» **Task prompt**:
An exact copy is needed of the lines in the entries below from the line with "What is the key" up to and including the line with "Answer: G major What", and of nothing else. Leave the pictures out.

» **Material shown**:
▼▼▼

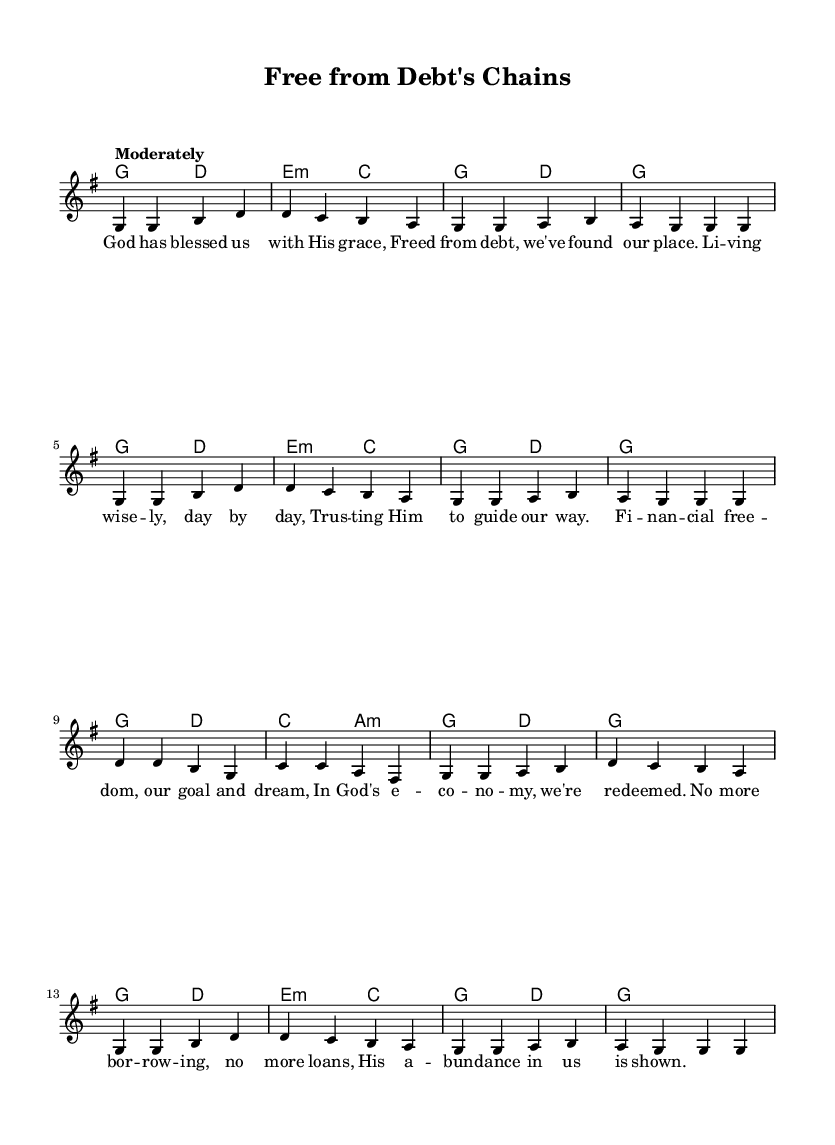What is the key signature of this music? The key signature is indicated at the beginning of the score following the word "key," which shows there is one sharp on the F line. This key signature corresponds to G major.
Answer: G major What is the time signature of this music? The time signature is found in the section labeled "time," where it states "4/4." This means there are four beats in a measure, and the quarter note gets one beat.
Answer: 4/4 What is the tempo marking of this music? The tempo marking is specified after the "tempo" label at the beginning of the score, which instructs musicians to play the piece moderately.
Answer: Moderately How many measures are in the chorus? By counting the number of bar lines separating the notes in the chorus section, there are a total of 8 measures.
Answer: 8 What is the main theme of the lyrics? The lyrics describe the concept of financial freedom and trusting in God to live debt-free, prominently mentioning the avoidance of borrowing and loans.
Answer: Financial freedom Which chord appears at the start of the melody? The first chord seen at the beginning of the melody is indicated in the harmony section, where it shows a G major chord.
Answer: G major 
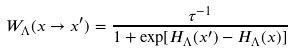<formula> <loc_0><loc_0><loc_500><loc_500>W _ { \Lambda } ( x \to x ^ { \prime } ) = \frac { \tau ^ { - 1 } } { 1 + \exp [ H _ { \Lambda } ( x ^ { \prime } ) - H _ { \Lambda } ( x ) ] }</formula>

▲▲▲
▼▼▼

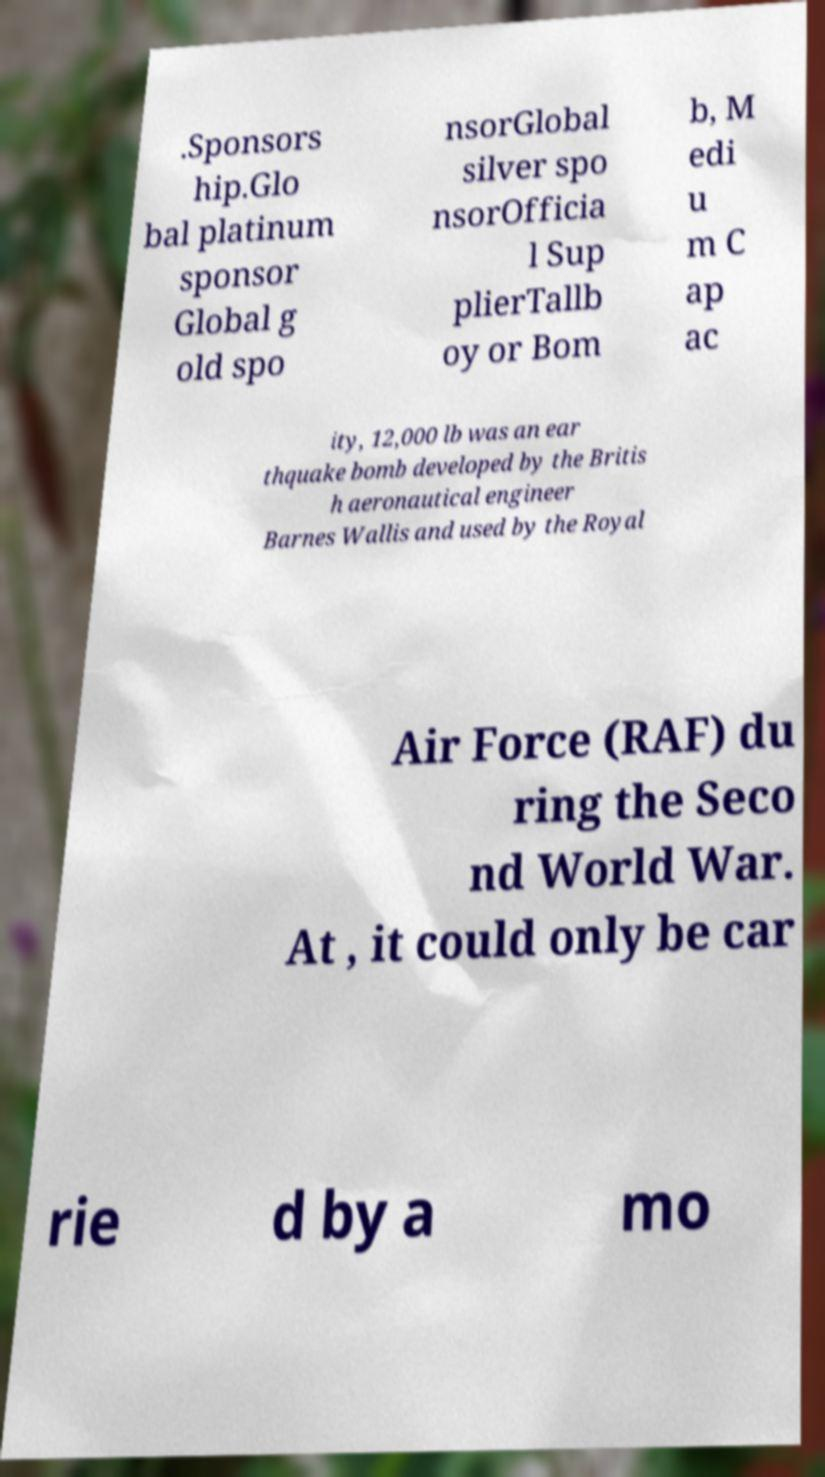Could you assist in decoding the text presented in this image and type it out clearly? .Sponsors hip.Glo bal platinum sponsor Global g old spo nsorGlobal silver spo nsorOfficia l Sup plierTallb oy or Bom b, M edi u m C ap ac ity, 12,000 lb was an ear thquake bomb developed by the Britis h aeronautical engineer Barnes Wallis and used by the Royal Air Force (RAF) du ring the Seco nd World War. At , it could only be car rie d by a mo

▲▲▲
▼▼▼

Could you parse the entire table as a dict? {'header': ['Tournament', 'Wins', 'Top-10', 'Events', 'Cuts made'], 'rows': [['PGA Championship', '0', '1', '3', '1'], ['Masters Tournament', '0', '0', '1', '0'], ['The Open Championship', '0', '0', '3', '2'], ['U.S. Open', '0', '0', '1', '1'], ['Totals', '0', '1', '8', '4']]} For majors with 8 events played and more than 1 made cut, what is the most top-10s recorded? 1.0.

▲▲▲

» **Exercise answer**:
What is the key signature of this music? The key signature is indicated at the beginning of the score following the word "key," which shows there is one sharp on the F line. This key signature corresponds to G major.
Answer: G major What is the time signature of this music? The time signature is found in the section labeled "time," where it states "4/4." This means there are four beats in a measure, and the quarter note gets one beat.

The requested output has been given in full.